## Problem requirements
If a line of the records contains the string "right", copy it out.

[Stored entries]

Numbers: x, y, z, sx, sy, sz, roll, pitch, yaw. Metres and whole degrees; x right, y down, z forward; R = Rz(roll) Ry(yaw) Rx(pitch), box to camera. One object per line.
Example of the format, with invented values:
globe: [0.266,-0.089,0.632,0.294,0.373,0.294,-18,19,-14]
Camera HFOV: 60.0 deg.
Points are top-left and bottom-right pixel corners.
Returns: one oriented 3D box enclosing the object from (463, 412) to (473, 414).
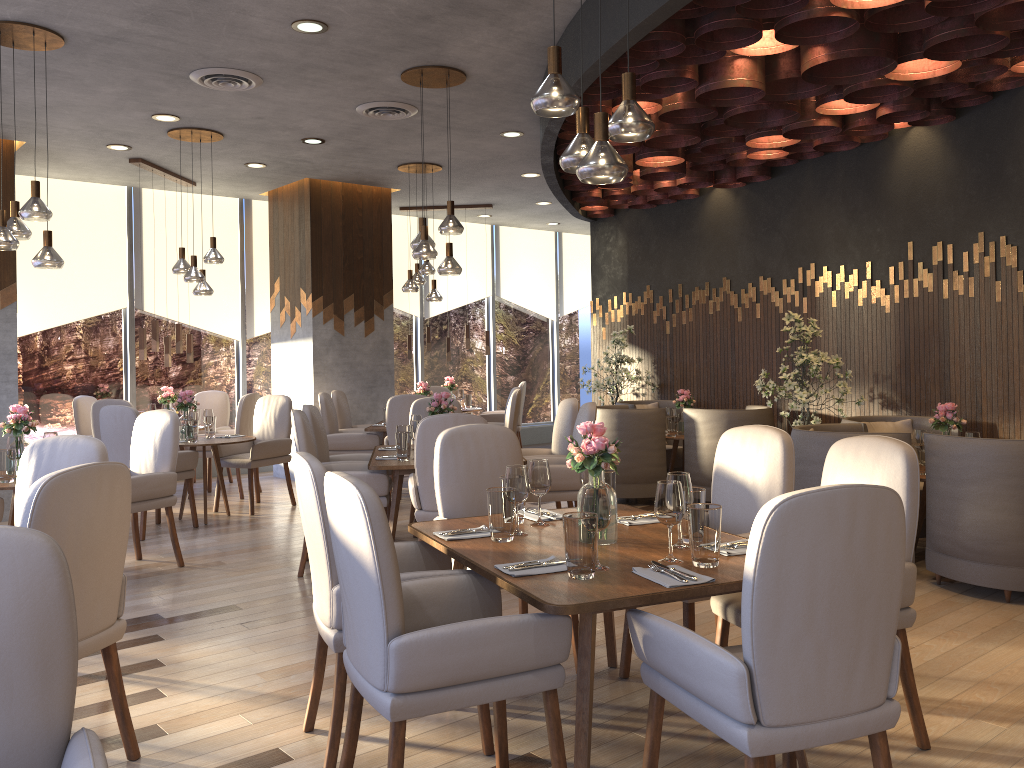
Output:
object: [-0.313,0.326,6.322,0.092,0.244,0.092,-1,0,36]

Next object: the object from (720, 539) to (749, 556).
object: [0.709,0.522,2.851,0.255,0.019,0.157,-2,2,-23]

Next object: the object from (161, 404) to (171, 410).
object: [-3.358,0.317,8.604,0.092,0.244,0.092,-1,0,24]

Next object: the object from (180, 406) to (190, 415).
object: [-3.249,0.309,8.799,0.092,0.244,0.092,-1,0,9]

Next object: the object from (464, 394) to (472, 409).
object: [-0.558,0.222,11.193,0.102,0.178,0.102,-1,0,35]

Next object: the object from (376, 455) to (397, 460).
object: [-0.743,0.465,5.665,0.255,0.019,0.157,-1,2,-7]

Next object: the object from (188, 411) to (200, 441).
object: [-2.591,0.344,7.218,0.092,0.244,0.092,-1,0,44]

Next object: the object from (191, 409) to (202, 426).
object: [-3.154,0.339,8.854,0.102,0.178,0.102,-1,0,-37]

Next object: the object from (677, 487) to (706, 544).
object: [0.600,0.441,2.978,0.102,0.178,0.102,-1,0,-7]

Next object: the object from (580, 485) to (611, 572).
object: [0.248,0.425,2.623,0.092,0.244,0.092,-1,0,40]

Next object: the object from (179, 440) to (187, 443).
object: [-2.730,0.462,7.130,0.157,0.019,0.255,0,2,24]

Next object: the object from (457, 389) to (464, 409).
object: [-0.645,0.192,11.125,0.092,0.244,0.092,-1,0,41]

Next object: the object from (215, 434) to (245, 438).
object: [-2.416,0.443,7.558,0.157,0.019,0.255,0,2,25]

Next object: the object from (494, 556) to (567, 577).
object: [0.087,0.540,2.652,0.255,0.019,0.157,-2,2,-24]

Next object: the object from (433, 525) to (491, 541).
object: [-0.144,0.528,3.176,0.255,0.019,0.157,-2,2,-24]

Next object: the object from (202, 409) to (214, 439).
object: [-2.561,0.336,7.474,0.092,0.244,0.092,-1,0,6]

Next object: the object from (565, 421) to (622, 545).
object: [0.279,0.331,3.020,0.210,0.416,0.198,-1,0,-28]

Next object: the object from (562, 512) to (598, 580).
object: [0.196,0.462,2.527,0.102,0.178,0.102,-1,0,-18]

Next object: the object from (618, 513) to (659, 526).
object: [0.471,0.511,3.373,0.255,0.019,0.157,-2,2,-23]

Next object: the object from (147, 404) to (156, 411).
object: [-3.537,0.317,8.702,0.092,0.244,0.092,-1,0,28]

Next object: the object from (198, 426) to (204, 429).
object: [-3.121,0.423,8.691,0.255,0.019,0.157,-1,2,6]

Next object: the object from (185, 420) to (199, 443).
object: [-2.566,0.380,7.111,0.102,0.178,0.102,-1,0,30]

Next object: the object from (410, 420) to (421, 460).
object: [-0.597,0.352,5.590,0.092,0.244,0.092,-1,0,-27]

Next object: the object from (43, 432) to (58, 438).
object: [-2.712,0.406,5.214,0.092,0.244,0.092,-1,0,15]

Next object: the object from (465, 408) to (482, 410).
object: [-0.503,0.305,11.035,0.255,0.019,0.157,-1,2,-2]

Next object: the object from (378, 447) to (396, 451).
object: [-0.811,0.450,6.234,0.255,0.019,0.157,-1,2,-7]

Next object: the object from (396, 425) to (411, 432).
object: [-0.743,0.373,6.083,0.102,0.178,0.102,-1,0,9]

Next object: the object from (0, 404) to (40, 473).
object: [-2.859,0.325,5.154,0.210,0.416,0.198,-1,0,22]

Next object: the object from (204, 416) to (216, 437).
object: [-2.582,0.366,7.581,0.102,0.178,0.102,-1,0,42]

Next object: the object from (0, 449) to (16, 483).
object: [-2.773,0.450,4.856,0.102,0.178,0.102,-1,0,-1]

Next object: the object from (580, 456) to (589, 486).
object: [0.306,0.401,3.406,0.092,0.244,0.092,-1,0,-20]

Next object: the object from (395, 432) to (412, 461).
object: [-0.675,0.389,5.514,0.102,0.178,0.102,-1,0,9]

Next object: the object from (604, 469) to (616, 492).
object: [0.362,0.430,3.500,0.102,0.178,0.102,-1,0,23]

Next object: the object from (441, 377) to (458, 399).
object: [-0.765,0.114,10.961,0.210,0.416,0.198,-1,0,27]

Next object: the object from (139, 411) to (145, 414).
object: [-3.626,0.354,8.640,0.102,0.178,0.102,-1,0,-2]

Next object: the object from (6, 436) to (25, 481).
object: [-2.781,0.414,4.966,0.092,0.244,0.092,-1,0,36]

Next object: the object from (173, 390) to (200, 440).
object: [-2.706,0.257,7.359,0.210,0.416,0.198,-1,0,7]

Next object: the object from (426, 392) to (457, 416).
object: [-0.475,0.258,5.948,0.210,0.416,0.198,-1,0,7]

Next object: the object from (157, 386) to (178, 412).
object: [-3.405,0.228,8.776,0.210,0.416,0.198,-1,0,-28]

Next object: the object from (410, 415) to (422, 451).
object: [-0.665,0.337,6.159,0.092,0.244,0.092,-1,0,12]

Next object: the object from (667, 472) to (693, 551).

## Expected output
Numbers: x, y, z, sx, sy, sz, roll, pitch, yaw. Metres and whole degrees; x right, y down, z forward; R = Rz(roll) Ry(yaw) Rx(pitch), box to camera. One object per line.
Points are top-left and bottom-right pixel corners.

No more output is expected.